1. Variable → variable address → variable content
2. The format of the address of the output variable is% p
3. &p means to fetch the address corresponding to the variable p
4. The form of pointer is data type *, and int * refers to a pointer type variable
5. The name of this pointer type variable is PTR. PTR is a variable of type int *
6. ptr points to the address of a variable of type int
7. Take out ptr's own address and & ptr·
8. Take out the address of a1 stored in ptr, ptr
9. Take out the contents of the address pointed to by ptr, * ptr
10. The type of the pointer needs to be consistent with the type of the variable it points to

1.7.2 pointer practice

Write a program to obtain the address of an int variable num, display it to the interrupt, assign the address of num to the pointer ptr, and modify the value of num through ptr

#include<stdio.h>
void main() {
	int num = 97;
	int* ptr = &num;
	printf("int Variable of type num Your address is%p\n", ptr);
	*ptr = 7;
	printf("Modified num The value of is%d", num);

}

1.8 value transfer and address transfer (pointer transfer)

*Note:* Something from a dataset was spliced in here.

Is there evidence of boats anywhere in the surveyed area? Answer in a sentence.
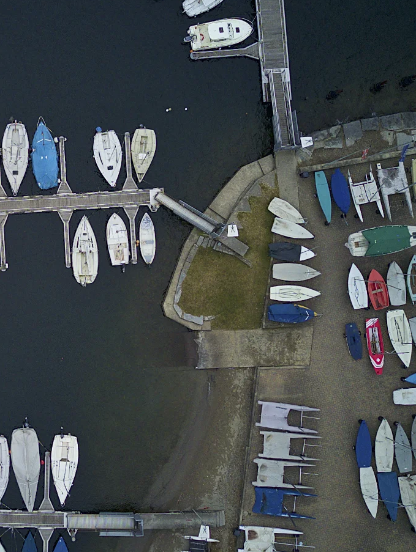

1.8.1 types of value transfer and address transfer

1. Types of default transfer values: basic data type (integer type, decimal type, character type), structure and common body
2. The default delivery address is similar to: pointer, array

1.8.2 value transfer

Value passing is to copy the contents (variables) of one address space to another address space.

#include<stdio.h>
void main() {
	int a1 = 97;
	int a2 = a1;
	printf("a2 = %d", a2);
}

1.8.3 pointer transfer

Pointer passing is to store the address of one address space in another address space

#include<stdio.h>
void main() {
	int a = 97;
	int* b = &a;//Pointer b points to the address space of a
	int* c = b;//The content of pointer c is the content of pointer b, that is, both pointer b and pointer c point to the address space of a
	printf("a The content is%d\tb The content is%p\tc The content is%p\n", a, b, c);

	*c = 7;//If you change the content of the address space pointed to by pointer c, that is, the content of a, a itself will also change
	printf("a The content is%d\tb The content is%p\tc The content is%p\n", a, b, c);
}

For example: value transfer means that you and I have 100 yuan. How much you spend has nothing to do with me; Pointer passing is that I share 100 yuan with you. You or I will change the 100 yuan.